June 4, 2025

Trump demands interest rate cuts as hiring slows with sluggish job report

America’s job market is sputtering. The private sector added a measly 37,000 jobs in May, according to ADP, falling far short of the 110,000 economists expected. It’s the weakest hiring pace since March 2023, and conservatives see it as a red flag for an economy burdened by bad policy.

Breitbart reported that private payrolls grew by only 37,000, a sharp slowdown that has President Donald Trump sounding the alarm. This ADP report, independent of the Labor Department’s upcoming jobs data, paints a grim picture of an economy losing steam.
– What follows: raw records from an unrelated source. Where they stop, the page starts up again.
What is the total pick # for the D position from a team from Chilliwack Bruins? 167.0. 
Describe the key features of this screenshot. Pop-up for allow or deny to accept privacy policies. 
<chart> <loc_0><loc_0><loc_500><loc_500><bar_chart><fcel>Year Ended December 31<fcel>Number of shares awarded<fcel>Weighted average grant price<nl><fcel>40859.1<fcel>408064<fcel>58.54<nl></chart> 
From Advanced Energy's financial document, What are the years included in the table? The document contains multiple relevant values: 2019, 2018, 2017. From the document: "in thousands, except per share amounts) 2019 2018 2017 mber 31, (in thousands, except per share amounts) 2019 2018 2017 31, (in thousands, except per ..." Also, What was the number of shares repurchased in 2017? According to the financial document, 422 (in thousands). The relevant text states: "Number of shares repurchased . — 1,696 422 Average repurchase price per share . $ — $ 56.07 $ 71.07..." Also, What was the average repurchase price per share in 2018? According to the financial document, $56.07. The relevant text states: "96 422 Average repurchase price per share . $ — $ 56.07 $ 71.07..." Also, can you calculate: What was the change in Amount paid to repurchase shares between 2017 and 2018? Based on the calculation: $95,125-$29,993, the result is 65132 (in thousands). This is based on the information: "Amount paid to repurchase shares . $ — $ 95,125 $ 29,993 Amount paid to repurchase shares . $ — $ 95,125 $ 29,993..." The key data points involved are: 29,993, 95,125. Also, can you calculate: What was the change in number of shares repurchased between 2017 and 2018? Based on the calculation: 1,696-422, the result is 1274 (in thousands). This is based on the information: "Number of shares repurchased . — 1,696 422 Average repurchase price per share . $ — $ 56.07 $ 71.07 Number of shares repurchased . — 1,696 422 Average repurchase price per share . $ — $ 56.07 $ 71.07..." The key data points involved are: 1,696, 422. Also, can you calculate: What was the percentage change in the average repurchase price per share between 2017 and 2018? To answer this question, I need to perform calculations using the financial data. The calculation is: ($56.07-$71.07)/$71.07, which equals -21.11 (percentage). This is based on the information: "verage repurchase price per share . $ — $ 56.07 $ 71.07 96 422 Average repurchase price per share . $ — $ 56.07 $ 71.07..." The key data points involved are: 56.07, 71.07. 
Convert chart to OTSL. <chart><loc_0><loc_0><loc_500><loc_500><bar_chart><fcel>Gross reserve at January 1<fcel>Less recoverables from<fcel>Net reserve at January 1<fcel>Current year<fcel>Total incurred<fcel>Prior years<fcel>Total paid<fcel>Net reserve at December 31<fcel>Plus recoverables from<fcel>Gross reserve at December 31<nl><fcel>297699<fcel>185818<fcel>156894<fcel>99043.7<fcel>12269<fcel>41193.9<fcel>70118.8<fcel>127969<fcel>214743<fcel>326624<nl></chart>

Mid-sized firms added 49,000 jobs, but small businesses shed 13,000, and large companies lost 3,000. Goods-producing sectors took a hit, losing 2,000 jobs.

Natural resources and mining dropped 5,000, manufacturing lost 3,000, though construction eked out a 6,000-job gain. The service sector had mixed results, with leisure and hospitality adding 38,000 jobs, while professional services bled 17,000.

Service Sector Struggles

Service industries, typically a job-growth engine, showed cracks. Financial activities gained 20,000 jobs, but education and health services lost 13,000, and trade, transportation, and utilities cut 4,000. These losses signal broader economic unease that’s hard to ignore.

“After a strong start to the year, hiring is losing momentum,” said Nela Richardson, ADP’s chief economist.

Her words confirm what many on the right have been saying: progressive policies are strangling growth. Turns out, you can’t tax and regulate your way to prosperity.

Wage growth, meanwhile, stayed flat. Workers sticking with their jobs saw 4.5% annual pay hikes, unchanged from April. Job switchers enjoyed 7% raises, also steady, but stagnant wages won’t ease the sting of inflation’s lingering bite.

President Trump didn’t mince words. “ADP NUMBER OUT!!! ‘Too Late’ Powell must now LOWER THE RATE,” he posted on Truth Social.

His frustration with Federal Reserve Chairman Jerome Powell is palpable, and conservatives nod in agreement, tired of tight money policies.

Trump’s right to push for cuts, but Powell’s been stubborn. The Fed held rates steady in 2025, ignoring declining inflation and growth concerns. They did slash rates three times late in the Biden era, including a half-point cut, but apparently, that wasn’t enough.

“He is unbelievable!!! Europe has lowered NINE TIMES!” Trump added. His point stings: while Europe eases monetary policy, America’s Fed drags its feet, leaving businesses and workers in the lurch. It’s a classic case of bureaucrats ignoring Main Street’s pain.

Fed’s Missteps Hurt Workers

The Fed’s high-rate obsession is squeezing small businesses hardest. Those with fewer than 50 employees cut 13,000 jobs, unable to borrow or expand under tight credit. Big government cheerleaders might shrug, but these are real livelihoods at stake.

Large firms aren’t immune, either, shedding 3,000 jobs. Only mid-sized companies, adding 49,000, kept the numbers from looking even worse. This uneven recovery shows an economy crying out for relief, not more red tape.

ADP’s report isn’t the Labor Department’s, and the two often diverge. Friday’s government jobs data might tell a different story, but ADP’s numbers are a trusted pulse of private-sector health. Dismissing them as “just one report” feels like denial.

Leisure and hospitality’s 38,000 job gain is a bright spot, but it’s not enough. Losses in professional services and education scream of overregulation and misplaced priorities. You can’t build a strong economy when core sectors are bleeding jobs.

Trump’s call for rate cuts is a common-sense plea. High interest rates choke investment, and the Fed’s inaction risks tipping us toward recession. Conservatives know that less government meddling, not more, is the growth path.